Armored Core V

  • Online Co-Op: 5 Players
  • + Co-Op Campaign
  • + Co-Op Modes
Armored Core V - Co-op Review
Review by

Armored Core V - Co-op Review

This mech sim's core is anything but soft.

2008’s Armored Core: For Answer introduced cooperative gameplay to From Software’s mech simulation series, allowing two players to take on the game’s missions together. According to our co-op review, it was an enjoyable but awkward experience, brought down slightly by the series’ notoriously terrible menus. From took an extended break (perhaps to make those Souls games everyone’s crazy about) and has at last come back with Armored Core V. This time out, multiplayer has been completely overhauled and borrows many design aspects from From’s other mech game, Chromehounds. The two series were similar enough already, so why not?

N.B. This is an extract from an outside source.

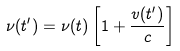Convert formula to latex. <formula><loc_0><loc_0><loc_500><loc_500>\nu ( t ^ { \prime } ) = \nu ( t ) \left [ 1 + \frac { v ( t ^ { \prime } ) } { c } \right ]</formula> 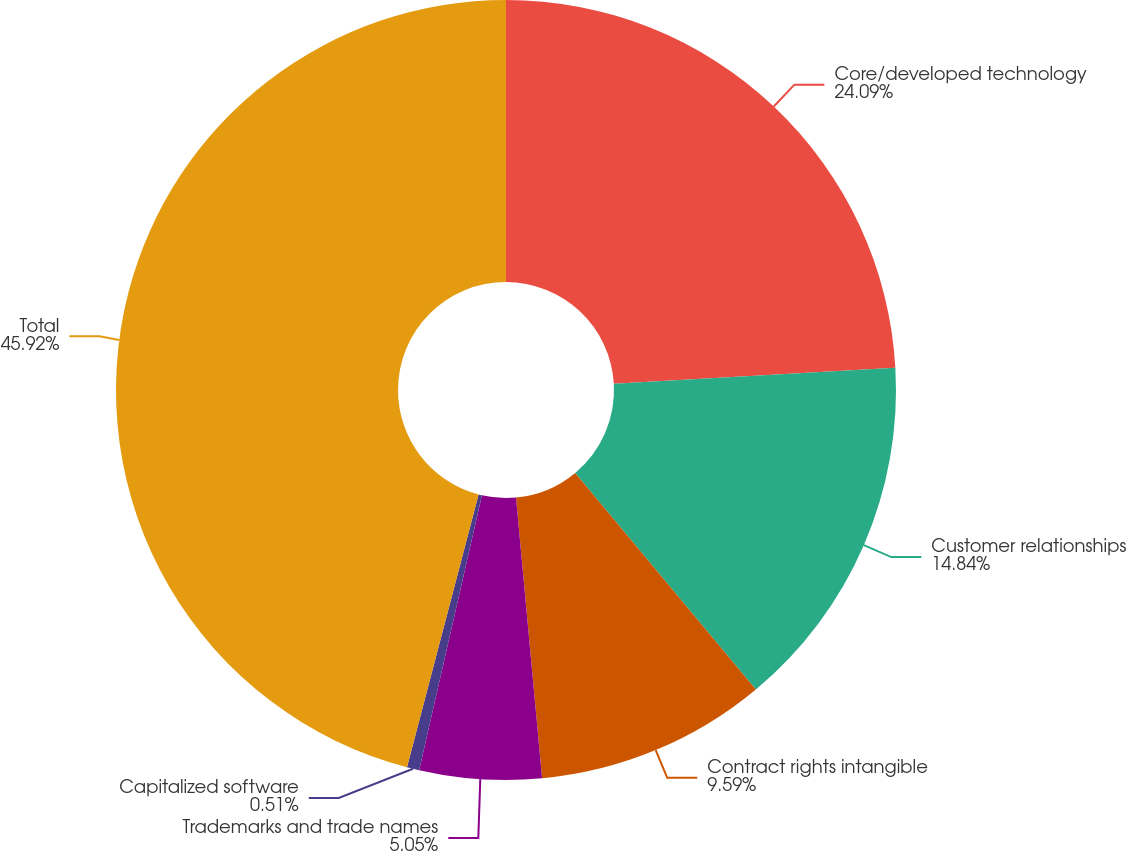Convert chart to OTSL. <chart><loc_0><loc_0><loc_500><loc_500><pie_chart><fcel>Core/developed technology<fcel>Customer relationships<fcel>Contract rights intangible<fcel>Trademarks and trade names<fcel>Capitalized software<fcel>Total<nl><fcel>24.09%<fcel>14.84%<fcel>9.59%<fcel>5.05%<fcel>0.51%<fcel>45.91%<nl></chart> 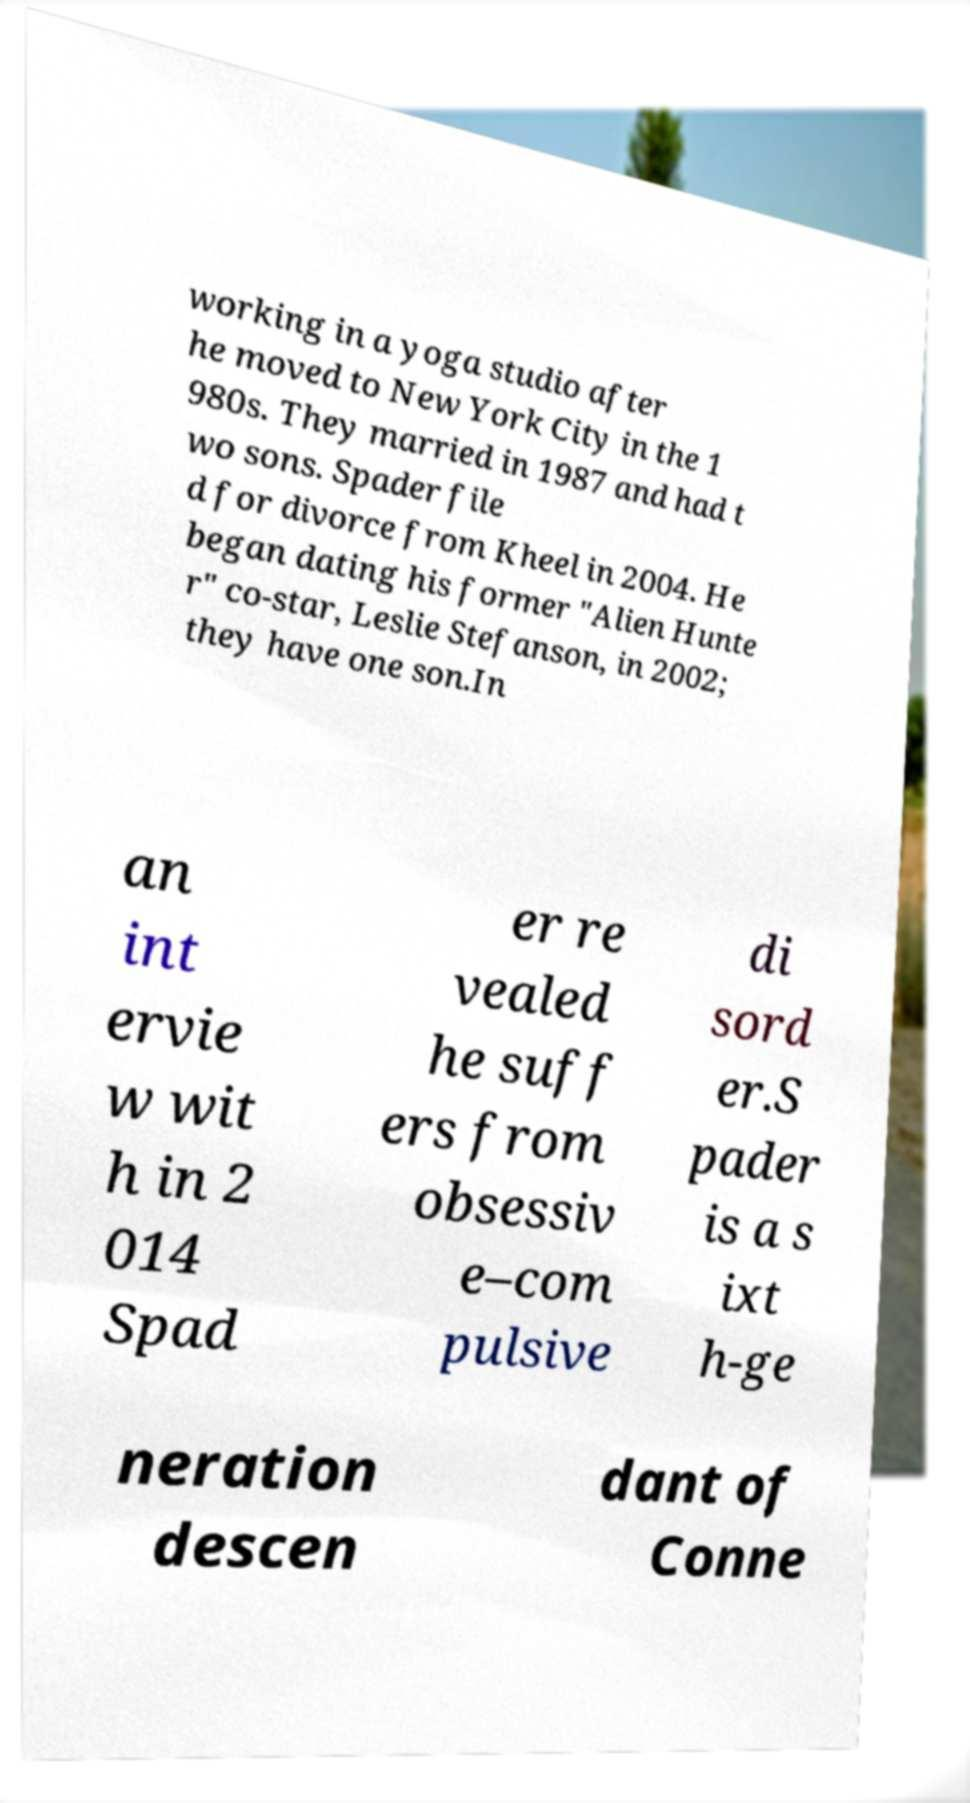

From the moment it boots up, it’s clear that Armored Core V is designed as an online multiplayer experience. Your first task is to create a public profile and then either join a team (i.e. clan) or form one of your own. Teams can hold up to 20 people, each person’s mission progress contributing to the team’s overall level. There are numerous benefits to entering one of these alliances, such as access to better AC (mech) parts I the store as your team levels up. We’ll get to the rest in a bit.

From Armored Core V’s slightly confusing map screen, you’ll have access to two main kinds of missions: Story and Order. There are 10 story missions, each with numerous optional objectives to complete. These can be quite lengthy and challenging, but thankfully they do have checkpoints to continue from if you’re defeated.

Armored Core V map

As for the story itself, players take on the role of a rookie AC pilot who has just joined the Resistance. These guys are embroiled in a civil war and labeled as terrorists by the other side. Eventually an evil corporation shows up, playing both sides against each other and looking after its own interests. It sounds okay in broad strokes, but the actual story makes very little sense. It’s told entirely through the dialogue of myriad characters, jumping around to different people from mission to mission. Some facial portraits would have helped keep track of who’s who, but no such luck. The mid-mission chatter alternates between mundane and awkward, with the same unnatural pauses between every line that Sonic Adventure suffered from in 1999. Story scenes are at least skippable, which you’ll certainly want to do when revisiting missions to knock out the extra objectives and scavenge for AC parts.

Order missions are much shorter and easier than Story Missions, but there are far more of them. They mostly involve clearing groups of weak enemies from a map or dueling against one or two powerful ACs. Order missions are easily the best way to earn money. Every one of the 80 Order missions also has two secret side objectives to keep completionists busy.

All Story and Order missions support 2-player co-op, and you don’t even have to beat them by yourself before partnering up this time. When a player starts a mission, everyone on his or her team who isn’t already in a mission receives a notification, making it easy to fill the second player slot. Both players have the chance to swap out their mech parts before the mission actually begins, too. Playing together is a great way for new players to learn the ropes since the tutorials are extremely inadequate at teaching the game’s finer points. It’s also very necessary for those tough Story missions. If one player’s AC gets destroyed during a mission, he or she can fly around in a useless jet pack, hoping that the other player survives to the next checkpoint. Should both players bite the dust, they’re given the choice of restarting from the last checkpoint or quitting the mission.